Unlike like difficulties with African recipes, I've been pretty happy with my excursions into Filipino cuisine. It generally doesn't require a lot of hard-to-find ingredients and its vinegar-intensive sauces make it unlike anything else out there. I wish I had some good story about why I've been trying them, but I just found a stash of Filipino recipes on-line and they looked interesting.
This particular recipe is a Philippine staple--one of the dishes that has a million variations. The only universals seem to be soy sauce, vinegar, plenty of garlic and an odd cooking technique. I tried to stick close to the Platonic ideal I grokked from the range of recipes I looked at.
Ingredients:
1 pound pork butt or similar cut, cut in 1-2 inch cubes (or chicken)
1/2 head of garlic, minced
1/2 small yellow onion, diced
1/4 cup soy sauce
1/2 cup vinegar
1 cup water
1/2 teaspoon paprika (most recipes call for black peppercorns, but I liked the paprika idea)
2-3 bay leaves
1-2 Tablespoons sugar (optional. Only a substantial minority of the recipes include it.)
2 Tablespoons cooking oil
1. Heat a medium saucepan on medium, add 1 Tablespoon oil and sweat the garlic and onion for a few minutes until softened.
2. Add soy sauce, vinegar, water, paprika, bay leaves and pork. Bring to a boil, reduce heat to medium-low and simmer for 30 minutes. If using, add sugar at 15 minutes.
3. When the pork is tender heat the other Tablespoon of oil in a large frying pan. Remove the pork from the sauce, drain it well, and add it to the pan. Turn the heat up under the sauce and boil until it is reduced in volume by half. Meanwhile, brown the pork over medium high heat.
4. When both are done, serve with rice.
The traditional way to serve pork adobo is to leave the meat dry and pour the sauce over a scoop of rice. Garnishes are unusual, but I'm big on garnishes so I looked for exceptions and found that tomato wedges and/or hard boiled eggs are not entirely unheard of.

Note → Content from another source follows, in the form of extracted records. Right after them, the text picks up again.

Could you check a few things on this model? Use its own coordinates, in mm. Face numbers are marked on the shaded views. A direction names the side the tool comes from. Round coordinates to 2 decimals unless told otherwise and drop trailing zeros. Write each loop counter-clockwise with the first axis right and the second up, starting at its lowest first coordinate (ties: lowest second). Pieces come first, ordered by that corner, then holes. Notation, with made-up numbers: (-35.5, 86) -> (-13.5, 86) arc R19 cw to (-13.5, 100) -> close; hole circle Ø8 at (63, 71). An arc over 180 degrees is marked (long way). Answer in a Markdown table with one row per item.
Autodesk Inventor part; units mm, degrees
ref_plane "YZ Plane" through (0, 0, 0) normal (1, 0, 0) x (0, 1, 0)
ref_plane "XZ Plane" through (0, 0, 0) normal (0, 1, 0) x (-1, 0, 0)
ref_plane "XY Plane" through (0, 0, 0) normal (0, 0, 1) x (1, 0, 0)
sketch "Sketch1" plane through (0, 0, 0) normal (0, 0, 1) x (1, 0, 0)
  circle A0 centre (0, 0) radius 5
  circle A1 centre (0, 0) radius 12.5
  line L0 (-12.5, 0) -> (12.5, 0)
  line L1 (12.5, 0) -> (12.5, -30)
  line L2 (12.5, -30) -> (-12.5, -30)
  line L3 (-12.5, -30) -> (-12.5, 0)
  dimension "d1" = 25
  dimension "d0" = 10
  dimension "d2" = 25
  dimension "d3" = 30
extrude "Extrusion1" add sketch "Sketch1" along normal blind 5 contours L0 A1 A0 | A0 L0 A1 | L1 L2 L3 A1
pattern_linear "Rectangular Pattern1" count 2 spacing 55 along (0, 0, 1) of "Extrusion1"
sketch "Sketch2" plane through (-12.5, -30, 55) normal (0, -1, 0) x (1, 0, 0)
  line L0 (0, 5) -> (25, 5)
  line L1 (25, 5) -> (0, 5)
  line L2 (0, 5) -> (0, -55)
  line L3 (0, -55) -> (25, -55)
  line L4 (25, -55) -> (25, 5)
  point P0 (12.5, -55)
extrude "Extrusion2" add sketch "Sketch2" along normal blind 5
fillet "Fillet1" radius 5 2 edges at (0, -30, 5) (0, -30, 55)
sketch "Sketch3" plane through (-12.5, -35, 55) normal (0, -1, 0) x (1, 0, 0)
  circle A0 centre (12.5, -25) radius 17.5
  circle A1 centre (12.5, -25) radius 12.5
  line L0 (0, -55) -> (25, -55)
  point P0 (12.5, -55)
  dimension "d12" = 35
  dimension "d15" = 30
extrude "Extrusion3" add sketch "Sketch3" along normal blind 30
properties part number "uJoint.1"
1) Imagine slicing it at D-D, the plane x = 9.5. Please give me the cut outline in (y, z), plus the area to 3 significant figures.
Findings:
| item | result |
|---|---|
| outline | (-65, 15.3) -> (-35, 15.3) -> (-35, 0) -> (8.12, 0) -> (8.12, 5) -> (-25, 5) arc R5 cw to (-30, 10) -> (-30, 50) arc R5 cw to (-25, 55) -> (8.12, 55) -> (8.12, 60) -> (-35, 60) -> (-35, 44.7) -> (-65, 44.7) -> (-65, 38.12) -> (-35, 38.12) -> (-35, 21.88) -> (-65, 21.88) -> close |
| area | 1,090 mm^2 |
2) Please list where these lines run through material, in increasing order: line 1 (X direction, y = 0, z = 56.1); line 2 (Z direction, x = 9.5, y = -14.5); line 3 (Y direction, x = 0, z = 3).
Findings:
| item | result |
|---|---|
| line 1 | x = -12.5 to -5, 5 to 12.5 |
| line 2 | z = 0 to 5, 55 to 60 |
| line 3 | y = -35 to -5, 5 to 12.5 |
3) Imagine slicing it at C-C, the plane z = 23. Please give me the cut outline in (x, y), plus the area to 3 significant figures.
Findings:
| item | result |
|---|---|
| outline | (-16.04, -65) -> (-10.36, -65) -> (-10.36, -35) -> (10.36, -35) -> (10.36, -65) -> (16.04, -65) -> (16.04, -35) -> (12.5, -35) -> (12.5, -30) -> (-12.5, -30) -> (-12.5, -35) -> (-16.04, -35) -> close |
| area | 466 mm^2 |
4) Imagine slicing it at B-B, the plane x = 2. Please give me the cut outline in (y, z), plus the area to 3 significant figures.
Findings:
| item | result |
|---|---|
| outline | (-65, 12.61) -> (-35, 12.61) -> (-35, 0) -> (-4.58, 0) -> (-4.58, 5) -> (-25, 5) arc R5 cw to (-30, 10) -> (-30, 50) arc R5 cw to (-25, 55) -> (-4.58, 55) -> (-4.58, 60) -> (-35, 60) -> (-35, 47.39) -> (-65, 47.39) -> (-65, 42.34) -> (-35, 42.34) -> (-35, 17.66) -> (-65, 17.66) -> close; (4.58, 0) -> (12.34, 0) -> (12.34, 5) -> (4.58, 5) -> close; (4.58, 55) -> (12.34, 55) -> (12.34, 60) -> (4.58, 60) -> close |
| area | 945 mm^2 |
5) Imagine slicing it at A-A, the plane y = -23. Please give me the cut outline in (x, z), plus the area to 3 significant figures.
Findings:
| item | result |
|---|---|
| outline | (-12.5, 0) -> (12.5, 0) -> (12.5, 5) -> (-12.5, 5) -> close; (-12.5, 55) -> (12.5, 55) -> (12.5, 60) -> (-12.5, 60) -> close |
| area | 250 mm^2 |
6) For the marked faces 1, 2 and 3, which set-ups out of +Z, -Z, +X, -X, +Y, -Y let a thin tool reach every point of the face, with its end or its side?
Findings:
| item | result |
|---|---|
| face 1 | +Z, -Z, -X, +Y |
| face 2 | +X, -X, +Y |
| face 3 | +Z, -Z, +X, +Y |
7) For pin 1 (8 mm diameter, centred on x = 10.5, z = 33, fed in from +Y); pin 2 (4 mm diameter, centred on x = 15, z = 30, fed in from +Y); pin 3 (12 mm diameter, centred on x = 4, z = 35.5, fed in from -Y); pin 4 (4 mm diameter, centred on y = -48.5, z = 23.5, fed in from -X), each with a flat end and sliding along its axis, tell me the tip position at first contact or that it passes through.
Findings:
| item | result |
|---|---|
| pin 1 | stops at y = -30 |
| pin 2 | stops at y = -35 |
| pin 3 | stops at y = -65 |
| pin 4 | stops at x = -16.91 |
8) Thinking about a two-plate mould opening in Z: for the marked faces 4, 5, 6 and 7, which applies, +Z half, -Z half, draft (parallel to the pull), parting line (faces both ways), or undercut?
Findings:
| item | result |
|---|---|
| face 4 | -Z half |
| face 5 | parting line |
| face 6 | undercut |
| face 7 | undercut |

The meat has caramelized well, which I attribute to the sugar I added, and has absorbed some flavor from the sauce (plus it's lying in a shallow pool seeping from the scoop of rice) so the pork flavor is prominent, but nicely accentuated by tart and salty notes. The pieces are crisp and chewy--rather more dried out than most Western palates are used to, but I gather that that's how they're supposed to be. I know a lot of Indonesian recipes call for meat cooked to this texture so it's not too surprising to find it called for in the Philippines. The sauced rice--deeply savory, slightly sweet and brightly tart--is the real star here. The meat is almost dispensable. The tomatoes are a great match with the sauce--salt and vinegar bring out tomatoes' best. The eggs, on the other hand, I could take or leave. I do like the richness a bit of yolk dissolved in the sauce brings. Maybe whisking in a raw yolk to thicken and enrich the sauce just before serving would work.
1 comment:
I've been wanting to try adobo as well. It certainly looks easy enough.